Currently, it turns out that only perf_event is implicitly flagged, but its location is https://github.com/torvalds/linux/blob/v5.3/kernel/events/core It was in .c # L12216.

	/*
	 * Implicitly enable on dfl hierarchy so that perf events can
	 * always be filtered by cgroup2 path as long as perf_event
	 * controller is not mounted on a legacy hierarchy.
	 */
	.implicit_on_dfl = true,

Summary

The variables related to the display of /sys/fs/cgroup/cgroup.controllers are summarized below.

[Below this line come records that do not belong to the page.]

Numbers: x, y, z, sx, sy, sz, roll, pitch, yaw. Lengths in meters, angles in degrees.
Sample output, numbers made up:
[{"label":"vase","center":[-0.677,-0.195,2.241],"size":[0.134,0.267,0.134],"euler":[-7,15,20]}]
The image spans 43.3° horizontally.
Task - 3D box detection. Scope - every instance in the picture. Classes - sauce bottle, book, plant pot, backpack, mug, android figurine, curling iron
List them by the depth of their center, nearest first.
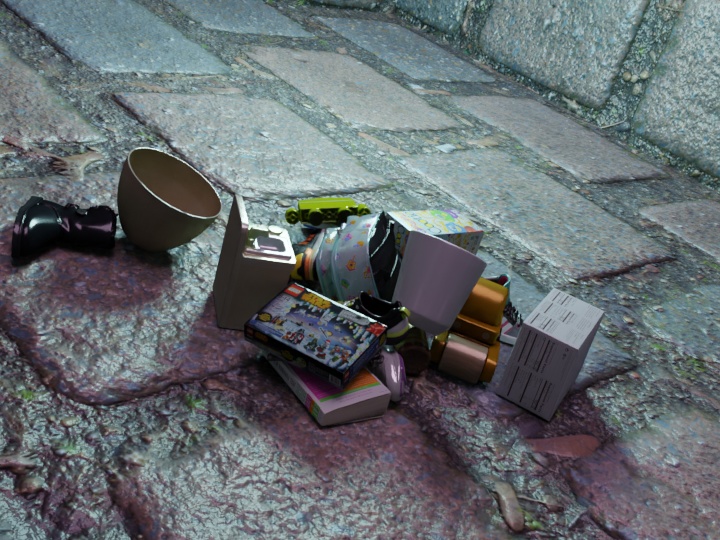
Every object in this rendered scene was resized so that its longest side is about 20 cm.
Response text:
[{"label":"curling iron","center":[-0.055,0.138,1.492],"size":[0.196,0.026,0.050],"euler":[2,16,-10]},{"label":"book","center":[-0.060,0.172,1.501],"size":[0.132,0.049,0.200],"euler":[-6,34,-35]},{"label":"mug","center":[0.139,0.034,1.614],"size":[0.148,0.155,0.186],"euler":[21,-4,45]},{"label":"sauce bottle","center":[0.088,0.112,1.684],"size":[0.065,0.067,0.201],"euler":[12,28,-13]},{"label":"backpack","center":[0.000,0.000,1.705],"size":[0.151,0.178,0.201],"euler":[-10,25,9]},{"label":"plant pot","center":[-0.380,-0.116,1.712],"size":[0.199,0.135,0.201],"euler":[33,23,-16]},{"label":"android figurine","center":[-0.070,-0.123,1.898],"size":[0.179,0.042,0.200],"euler":[-4,11,-7]}]

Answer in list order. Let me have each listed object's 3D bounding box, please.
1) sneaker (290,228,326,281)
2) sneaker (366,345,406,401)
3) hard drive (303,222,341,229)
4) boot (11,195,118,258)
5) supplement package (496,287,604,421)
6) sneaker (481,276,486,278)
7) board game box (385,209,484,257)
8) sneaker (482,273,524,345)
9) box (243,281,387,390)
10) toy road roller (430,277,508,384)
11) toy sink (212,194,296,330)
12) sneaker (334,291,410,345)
[{"label":"sneaker","center":[-0.115,-0.037,1.814],"size":[0.088,0.071,0.200],"euler":[2,21,4]},{"label":"sneaker","center":[0.021,0.159,1.571],"size":[0.098,0.076,0.201],"euler":[-13,37,-8]},{"label":"hard drive","center":[-0.025,-0.100,1.952],"size":[0.130,0.026,0.199],"euler":[-8,13,-27]},{"label":"boot","center":[-0.524,-0.072,1.625],"size":[0.165,0.078,0.201],"euler":[9,22,-10]},{"label":"supplement package","center":[0.353,0.151,1.675],"size":[0.110,0.158,0.199],"euler":[26,27,20]},{"label":"sneaker","center":[0.206,0.041,1.900],"size":[0.197,0.071,0.090],"euler":[7,17,-26]},{"label":"board game box","center":[0.143,-0.057,1.882],"size":[0.198,0.106,0.103],"euler":[-5,34,-40]},{"label":"sneaker","center":[0.292,0.072,1.823],"size":[0.197,0.122,0.084],"euler":[16,26,-5]},{"label":"box","center":[-0.073,0.103,1.485],"size":[0.198,0.040,0.137],"euler":[23,41,23]},{"label":"toy road roller","center":[0.210,0.101,1.689],"size":[0.121,0.148,0.200],"euler":[20,27,4]},{"label":"toy sink","center":[-0.183,-0.012,1.594],"size":[0.110,0.202,0.131],"euler":[7,27,-19]},{"label":"sneaker","center":[-0.001,0.066,1.565],"size":[0.197,0.084,0.072],"euler":[8,36,24]}]
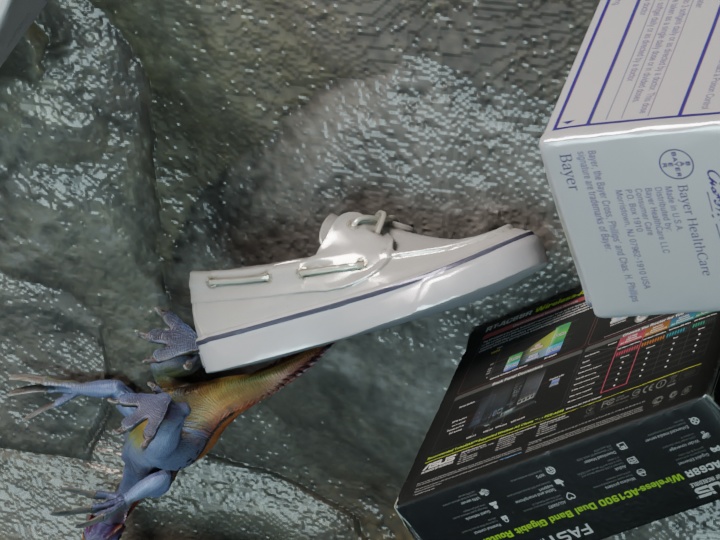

	cpuset	cpu	cpuacct	io	memory	devices	freezer	net_cls	perf_event	net_prio	hugetlb	pids	rdma
cgrp_dfl_implicit_ss_mask	0	0	0	0	0	0	0	0	1	0	0	0	0
cgrp_dfl_inhibit_ss_mask	0	0	1	0	0	1	1	1	0	1	1	0	0

Only subsystems that are not masked by either of these two variables will be displayed in /sys/fs/cgroup/cgroup.controllers.

in conclusion

I'm not familiar with cgroupv2 either, but I was able to quickly find out the information needed for Kubernetes contributions without modifying the kernel, using my knowledge of the kernel and debugging techniques. Not limited to this case, it is often possible to discover or solve unexpected problems by acquiring information from a perspective different from the user space. If there is demand, I would like to introduce it somewhere in addition to the details of this case.